Exactly the lines from the one with "Numbers: x, y, z, sx, sy, sz, roll, pitch, yaw." to the end of the entries should appear in your answer, retyped word for word.
===============
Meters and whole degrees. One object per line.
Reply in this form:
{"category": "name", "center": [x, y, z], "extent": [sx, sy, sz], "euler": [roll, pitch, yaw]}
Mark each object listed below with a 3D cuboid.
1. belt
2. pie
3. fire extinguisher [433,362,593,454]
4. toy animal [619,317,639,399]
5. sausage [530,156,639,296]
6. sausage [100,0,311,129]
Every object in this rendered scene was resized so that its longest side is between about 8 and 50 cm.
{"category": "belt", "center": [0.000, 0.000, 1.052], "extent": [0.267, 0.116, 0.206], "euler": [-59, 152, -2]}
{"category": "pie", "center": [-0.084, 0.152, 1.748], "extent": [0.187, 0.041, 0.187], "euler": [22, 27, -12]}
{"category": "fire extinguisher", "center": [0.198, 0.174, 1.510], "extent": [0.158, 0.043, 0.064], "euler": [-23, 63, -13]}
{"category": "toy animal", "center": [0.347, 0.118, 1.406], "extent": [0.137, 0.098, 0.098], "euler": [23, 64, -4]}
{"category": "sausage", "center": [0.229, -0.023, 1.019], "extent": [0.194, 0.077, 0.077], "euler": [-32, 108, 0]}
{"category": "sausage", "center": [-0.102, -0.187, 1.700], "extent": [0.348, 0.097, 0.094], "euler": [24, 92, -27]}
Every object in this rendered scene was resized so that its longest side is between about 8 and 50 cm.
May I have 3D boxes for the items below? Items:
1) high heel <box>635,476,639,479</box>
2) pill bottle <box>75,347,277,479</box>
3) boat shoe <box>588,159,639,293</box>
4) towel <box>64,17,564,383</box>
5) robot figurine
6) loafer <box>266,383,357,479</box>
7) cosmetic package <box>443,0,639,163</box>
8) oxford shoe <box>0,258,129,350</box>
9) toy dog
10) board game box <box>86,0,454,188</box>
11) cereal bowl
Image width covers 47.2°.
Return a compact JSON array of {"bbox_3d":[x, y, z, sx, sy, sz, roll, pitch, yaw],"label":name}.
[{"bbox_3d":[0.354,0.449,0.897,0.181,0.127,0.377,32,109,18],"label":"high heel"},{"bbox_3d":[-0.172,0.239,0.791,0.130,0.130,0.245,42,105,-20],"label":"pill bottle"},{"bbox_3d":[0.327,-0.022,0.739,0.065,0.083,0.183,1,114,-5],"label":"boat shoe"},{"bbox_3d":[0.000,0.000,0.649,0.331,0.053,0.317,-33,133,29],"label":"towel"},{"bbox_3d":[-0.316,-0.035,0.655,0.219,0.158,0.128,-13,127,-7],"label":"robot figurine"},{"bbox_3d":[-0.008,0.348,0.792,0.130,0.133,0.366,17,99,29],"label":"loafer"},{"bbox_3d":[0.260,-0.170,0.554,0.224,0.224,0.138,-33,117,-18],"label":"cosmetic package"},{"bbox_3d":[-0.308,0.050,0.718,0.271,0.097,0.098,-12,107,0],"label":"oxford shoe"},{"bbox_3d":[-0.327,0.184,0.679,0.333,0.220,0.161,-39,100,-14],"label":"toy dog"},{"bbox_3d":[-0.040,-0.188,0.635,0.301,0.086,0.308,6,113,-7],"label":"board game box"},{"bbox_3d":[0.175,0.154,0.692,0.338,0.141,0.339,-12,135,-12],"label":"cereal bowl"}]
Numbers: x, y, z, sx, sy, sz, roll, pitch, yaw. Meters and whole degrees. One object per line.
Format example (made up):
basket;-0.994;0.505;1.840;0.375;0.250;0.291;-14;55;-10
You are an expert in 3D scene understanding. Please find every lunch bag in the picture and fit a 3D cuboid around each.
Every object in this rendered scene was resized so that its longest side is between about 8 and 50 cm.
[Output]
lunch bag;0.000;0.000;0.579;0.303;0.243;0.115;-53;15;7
===============
Solved problem:
Numbers: x, y, z, sx, sy, sz, roll, pitch, yaw. Meters and whole degrees. One object per line.
Format example (made up):
basket;-0.994;0.505;1.840;0.375;0.250;0.291;-14;55;-10
You are an expert in 3D scene understanding. Please find every lunch bag in the picture and fit a 3D cuboid around each.
Every object in this rendered scene was resized so that its longest side is between about 8 and 50 cm.
[Output]
lunch bag;0.000;0.000;0.579;0.303;0.243;0.115;-53;15;7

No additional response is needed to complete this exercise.